Alla metà degli anni Ottanta, circa venticinque anni fa, al festival di Moers, in Germania, ascoltai due formazioni: il gruppo svedese Oriental Wind, gestito dalla percussionista turca Okay Temiz (che aveva già vissuto alcuni anni in Svezia, e poco più tardi anche in Finlandia) e il gruppo indiano The Karnataka College of Percussion. Sul palco i due gruppi suonavano contemporaneamente, ma non sembravano suonare insieme. Mi spaventai: "Cos'è questa roba?" In seguito molte altre volte sono rimasto interdetto e ho dovuto constatare come due gruppi, o musicisti, interessanti se suonano separatamente, in quanto espressioni delle rispettive culture, non riescono a fare una musica altrettanto interessante se suonano assieme. Quindi, come risposta preliminare, trovo che la contaminazione, o meglio l'ibridazione, l'incrocio, diventi velenosa se la qualità musicale diminuisce proprio a causa della contaminazione stessa.

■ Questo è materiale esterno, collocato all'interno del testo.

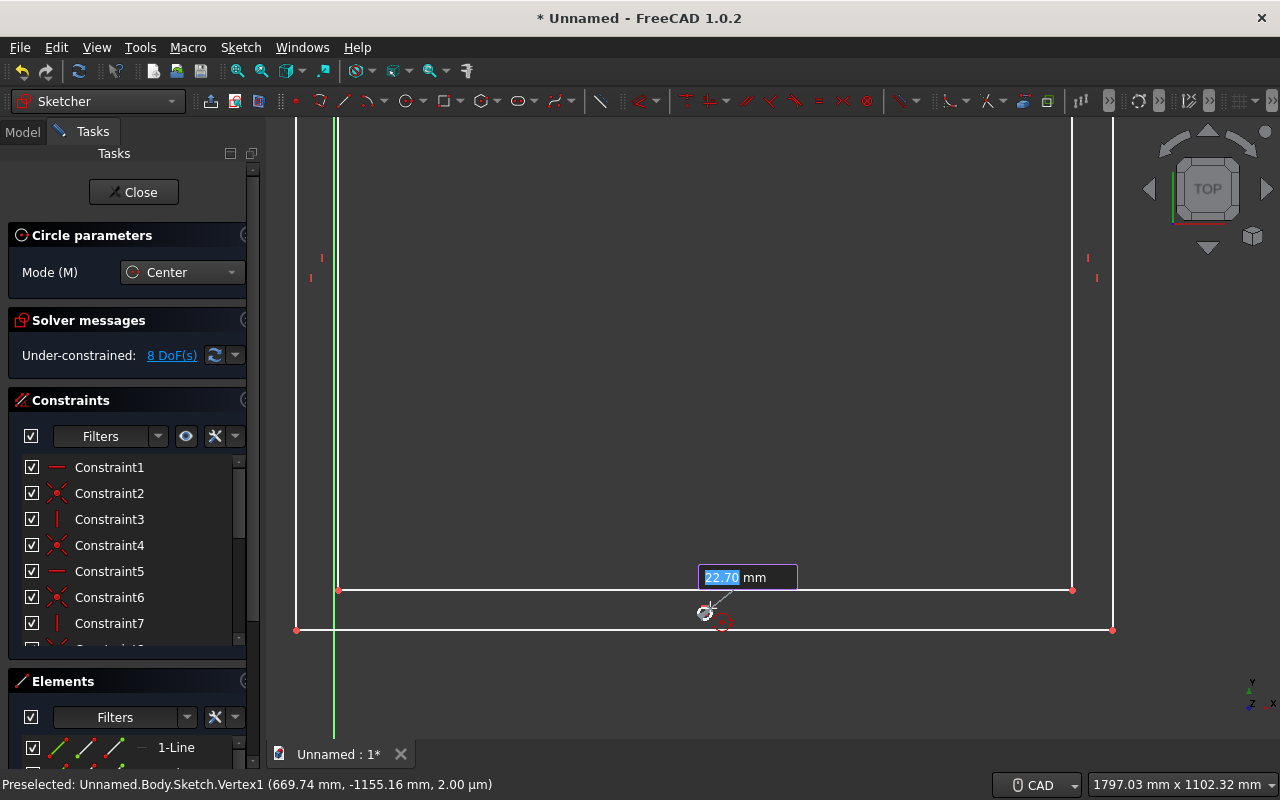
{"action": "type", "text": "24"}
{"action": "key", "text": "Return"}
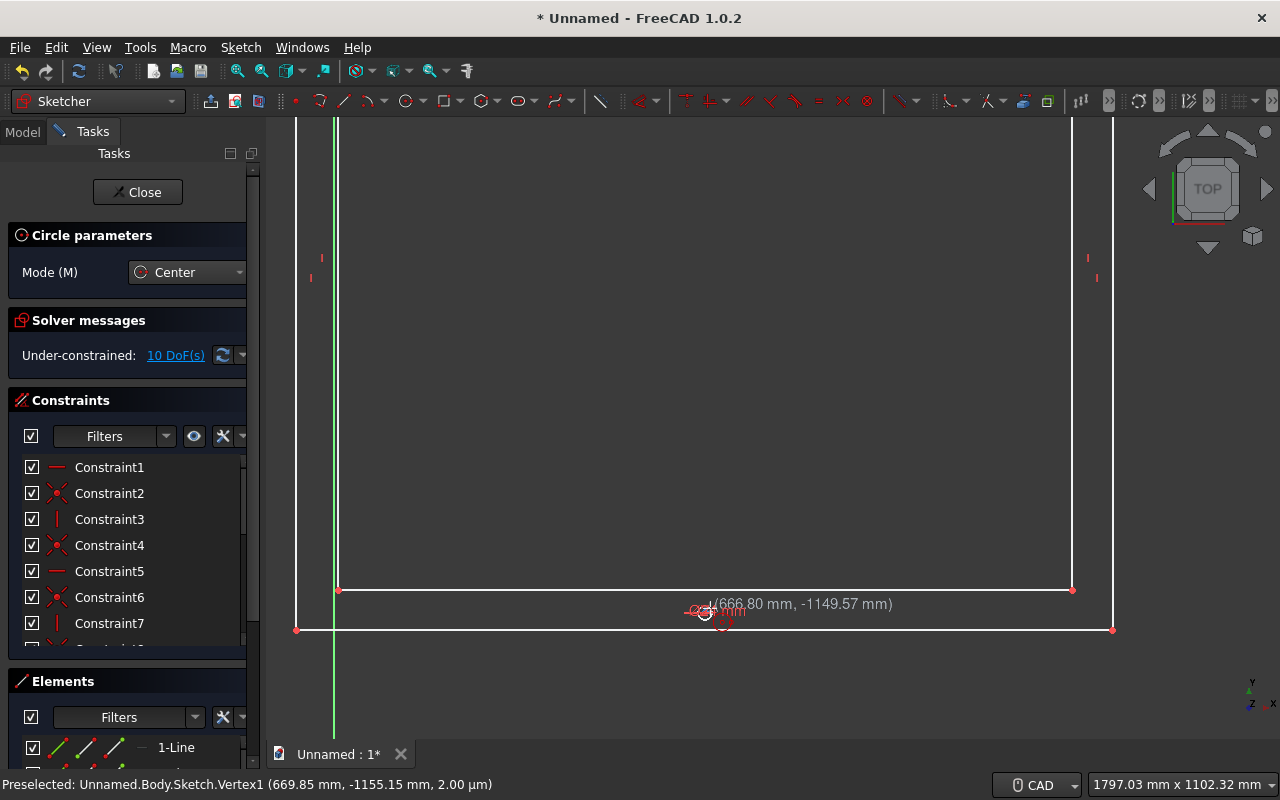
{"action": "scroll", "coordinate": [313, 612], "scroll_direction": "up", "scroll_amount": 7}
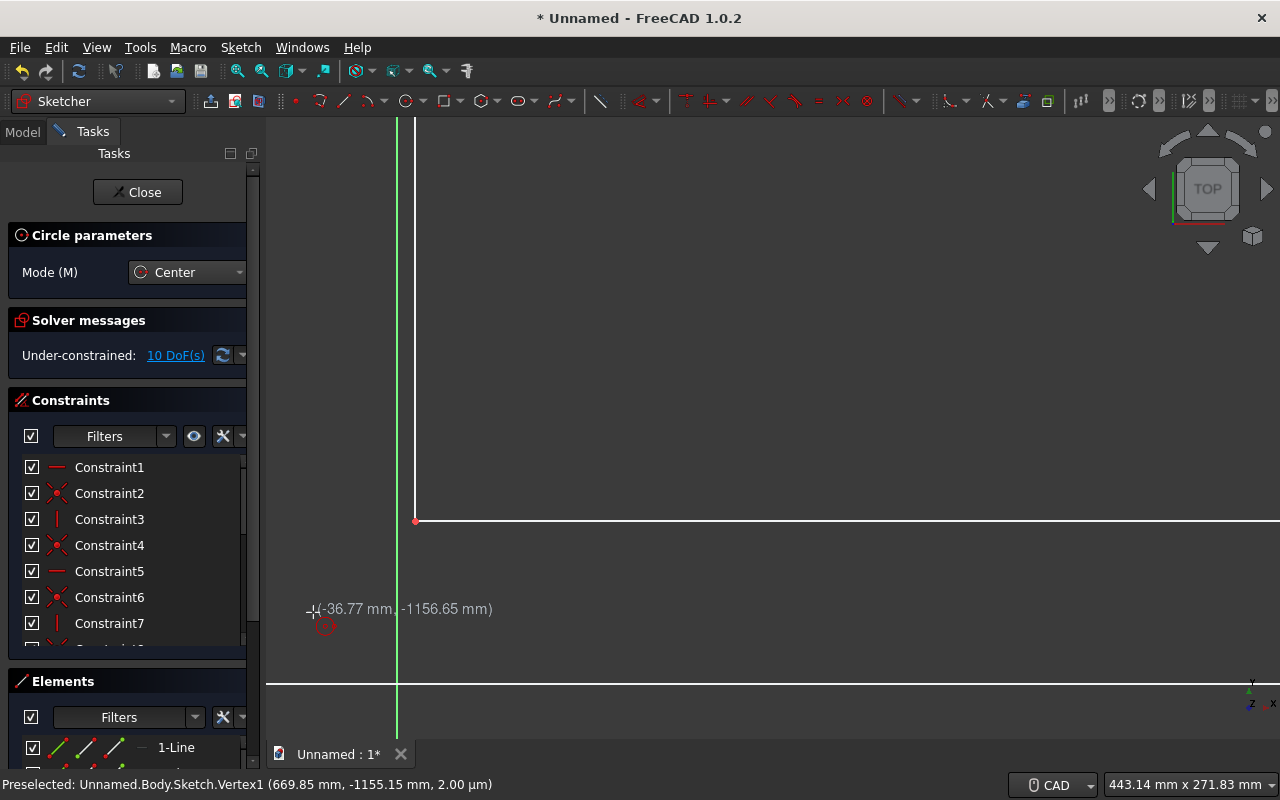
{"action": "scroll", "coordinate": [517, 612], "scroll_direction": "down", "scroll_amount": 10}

Vent'anni fa, a tale proposito, l'immondizia musicale era abbastanza rara, ma dopo la commercializzazione e la mercificazione della musica cosiddetta "mondiale", world music, per noi critici e per tutti gli amanti della buona musica trovare le perle della musica creativa e "contaminata" è sempre più difficile e faticoso. Ma questa non può essere una scusa per smettere di cercarle! Anzi, vivere per decenni con la musica buona e creativa è un privilegio: significa impossessarci di qualcosa che, magari, possiamo poi trasmettere agli altri. Questo fenomeno non è nient'altro che la nostra "qualità", come ha bene chiarito lo scrittore americano Rober M. Pirsig nel suo libro Lila: se vivremo con la musica buona - contaminata o no - anche noi diventeremo "qualità". E la qualità del critico, il suo compito, è quello di essere in qualche maniera capace di distinguere la buona dalla cattiva musica - contaminata o no.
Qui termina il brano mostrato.